Arnon Grunberg

Numbers

Degree

On education – Jennifer Senior in NYT:

‘According to the Congressional Research Service, more than one third of the House and more than half the Senate have law degrees. Roughly a fifth of senators and representatives have their master’s. Four senators and 21 House members have M.D.s, and an identical number in each body (four, 21) have some kind of doctoral degree, whether it’s a Ph.D., a D.Phil., an Ed.D., or a D. Min.
But perhaps most fundamentally, 95 percent of today’s House members and 100 percent of the Senate’s have a bachelor’s degree or higher. Yet just a bit more than one-third of Americans do.’

(…)

‘Five years ago, Nicholas Carnes, a political scientist at Duke, tried to measure whether more formal education made political leaders better at their jobs. After conducting a sweeping review of 228 countries between the years 1875 and 2004, he and his colleague Noam Lupu concluded: No. It did not. A college education did not mean less inequality, a greater G.D.P., fewer labor strikes, lower unemployment or less military conflict.’

(…)

‘One, from Politico, shows that House and Senate Democrats are much more likely to have gone to private liberal arts colleges than public universities, whereas the reverse is true of their Republican counterparts; another shows that congressional Democrats are far more likely to hire graduates of Ivy League schools.
This class bias made whites without college degrees ripe for Republican recruitment. In both 2016 and 2020, two thirds of them voted for Trump; though the G.O.P. is the minority party in the House, more Republican members than Democrats currently do not have college degrees. All 11 are male. Most of them come from the deindustrialized Midwest and South.
Oh, and in the incoming Congress? Six of the seven new members without four-year college degrees are Republicans.
Of course, far darker forces help explain the lures of the modern G.O.P. You’d have to be blind and deaf not to detect them. For decades, Republicans have appealed both cynically and in earnest — it’s hard to know which is more appalling — to racial and ethnic resentments, if not hatred. There’s a reason that the Black working class isn’t defecting to the Republican Party in droves. (Of the nine Democrats in the House without college degrees, seven, it’s worth noting, are people of color.)’

(…)

‘It’s hard to say whether more socioeconomic diversity would guarantee differences in policy or efficiency. But it could do something more subtle: Rebuild public trust.
“There are people who look at Congress and see the political class as a closed system,” Carnes told me. “My guess is that if Congress looked more like people do as a whole, the cynical view — Oh, they’re all in their ivory tower, they don’t care about us — would get less oxygen.” When I spoke to Representative Troy Balderson, a Republican from Ohio, he agreed, adding that if more members of Congress didn’t have four-year college degrees, it would erode some stigma associated with not having one.’

Read the article here.

Once again we must realize that education is not a panacea.

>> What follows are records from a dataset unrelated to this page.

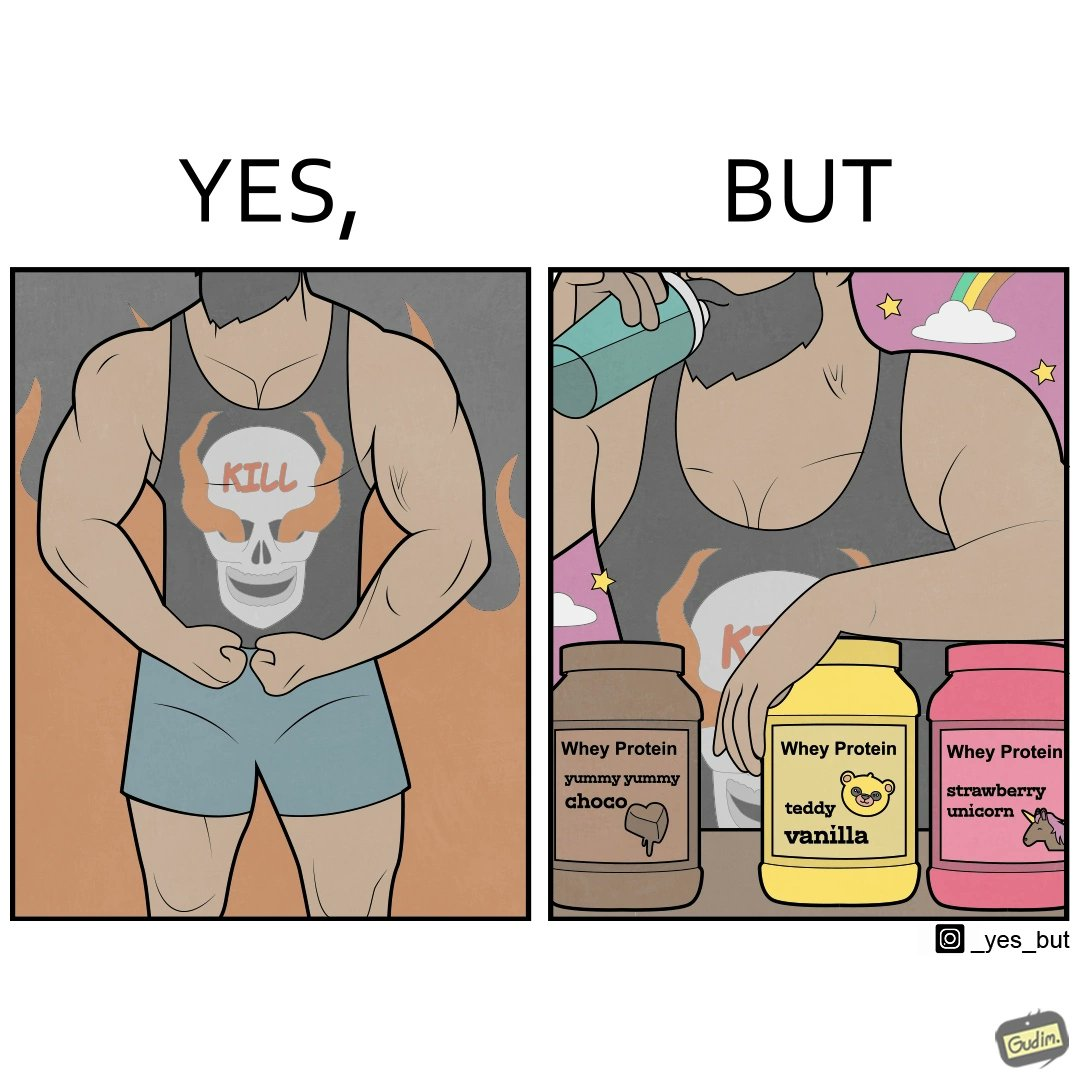What does this image depict? The image is funny because a well-built person wearing an aggressive tank-top with the word "KILL" on an image of a skull is having very childish flavours of whey protein such as teddy vanilla, yummy yummy choco, and strawberry vanilla, contrary to the person's external persona. This depicts the metaphor 'Do not judge a book by its cover'. 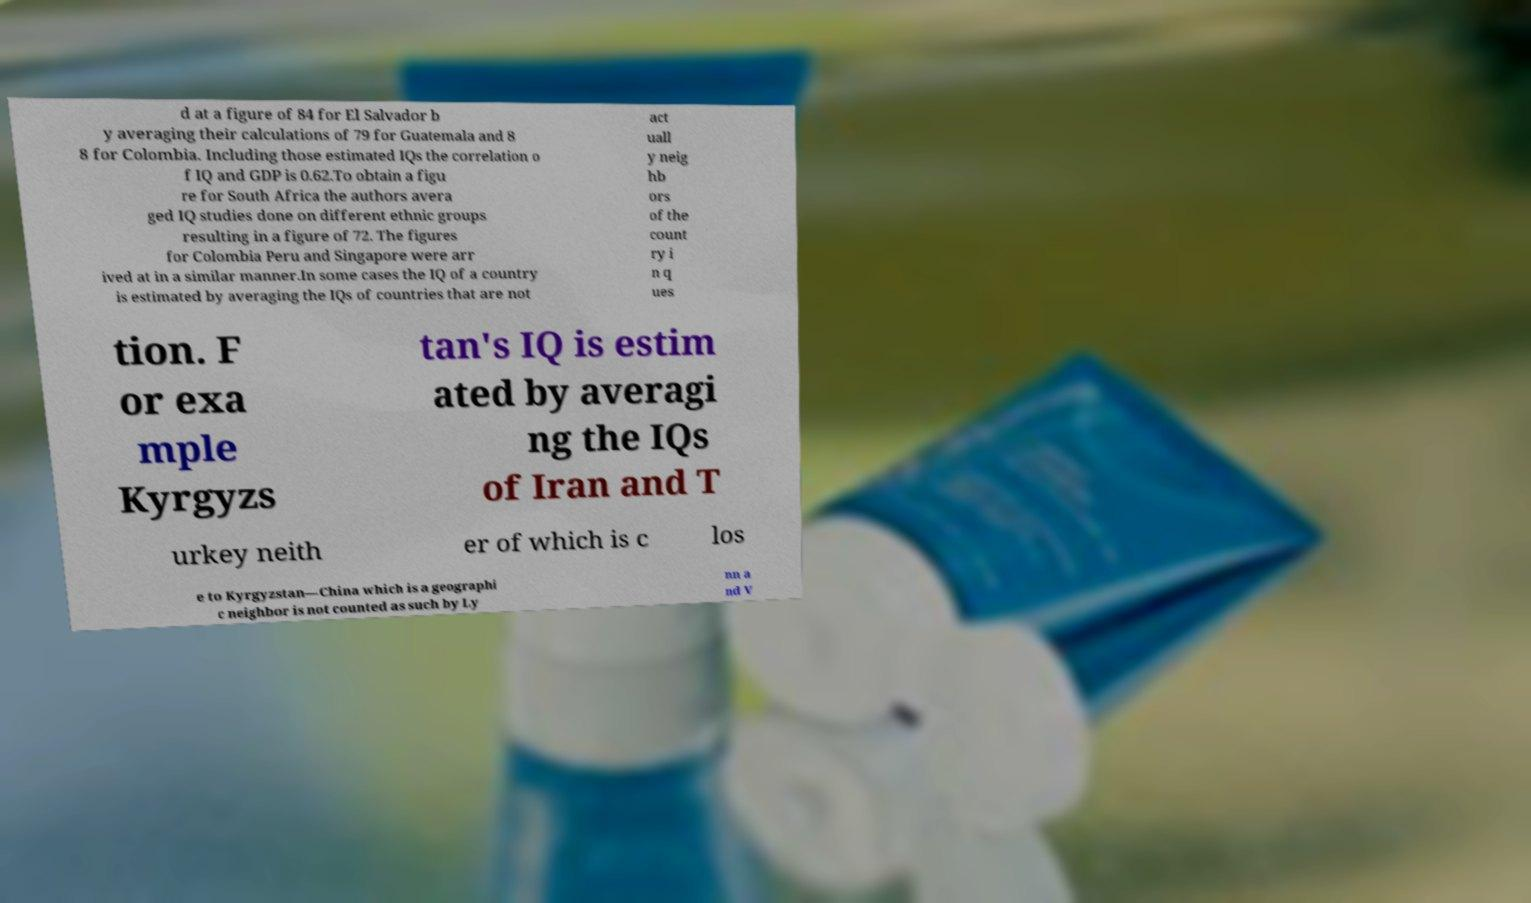Can you read and provide the text displayed in the image?This photo seems to have some interesting text. Can you extract and type it out for me? d at a figure of 84 for El Salvador b y averaging their calculations of 79 for Guatemala and 8 8 for Colombia. Including those estimated IQs the correlation o f IQ and GDP is 0.62.To obtain a figu re for South Africa the authors avera ged IQ studies done on different ethnic groups resulting in a figure of 72. The figures for Colombia Peru and Singapore were arr ived at in a similar manner.In some cases the IQ of a country is estimated by averaging the IQs of countries that are not act uall y neig hb ors of the count ry i n q ues tion. F or exa mple Kyrgyzs tan's IQ is estim ated by averagi ng the IQs of Iran and T urkey neith er of which is c los e to Kyrgyzstan—China which is a geographi c neighbor is not counted as such by Ly nn a nd V 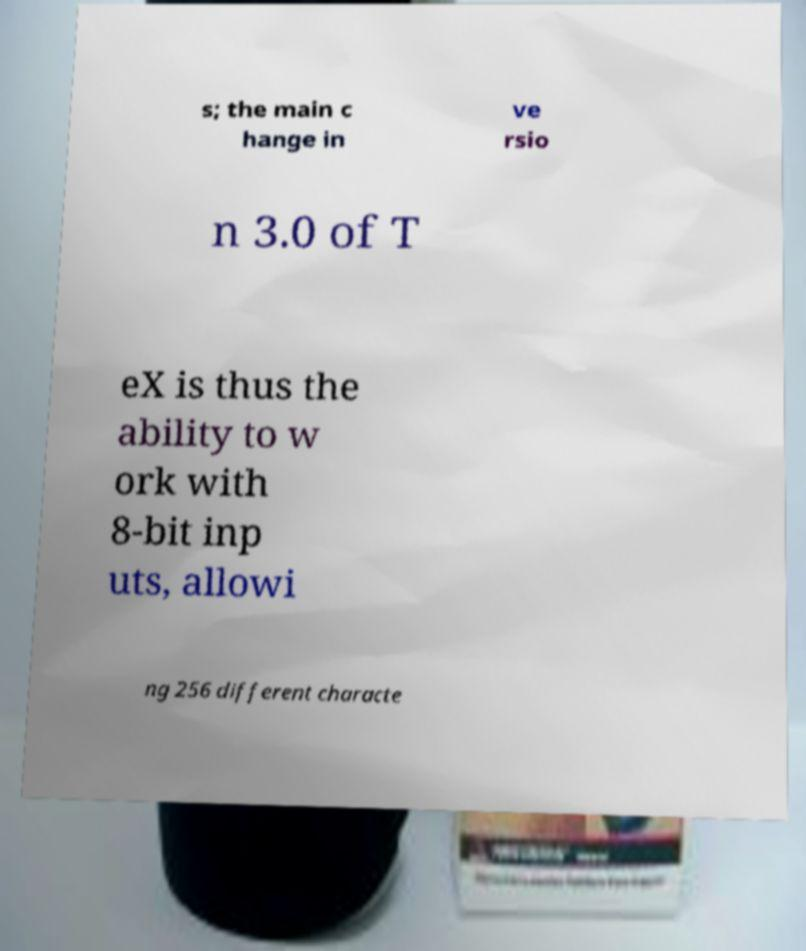Can you accurately transcribe the text from the provided image for me? s; the main c hange in ve rsio n 3.0 of T eX is thus the ability to w ork with 8-bit inp uts, allowi ng 256 different characte 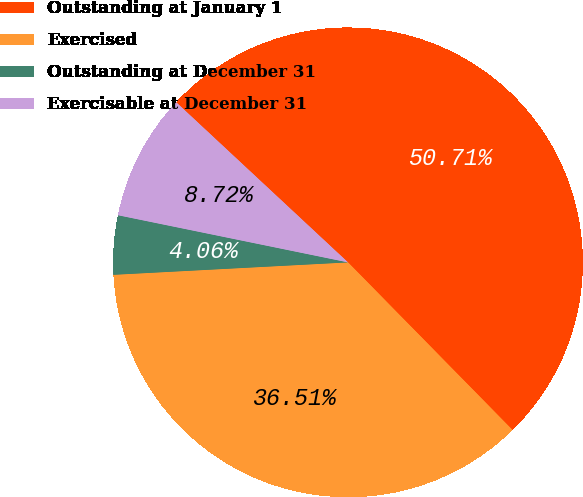Convert chart. <chart><loc_0><loc_0><loc_500><loc_500><pie_chart><fcel>Outstanding at January 1<fcel>Exercised<fcel>Outstanding at December 31<fcel>Exercisable at December 31<nl><fcel>50.71%<fcel>36.51%<fcel>4.06%<fcel>8.72%<nl></chart>

Yes, maybe we should have more politicians without a college-degree.
But we could also conclude that a lottery (think of the juror system) works better than elections. I’m all in favor of democracy, but these contests in popularity (elections) that (most often) depend on male charm (i.e. the rather aggressive persuasion of people who do not want to be persuaded) could use some refreshing changes.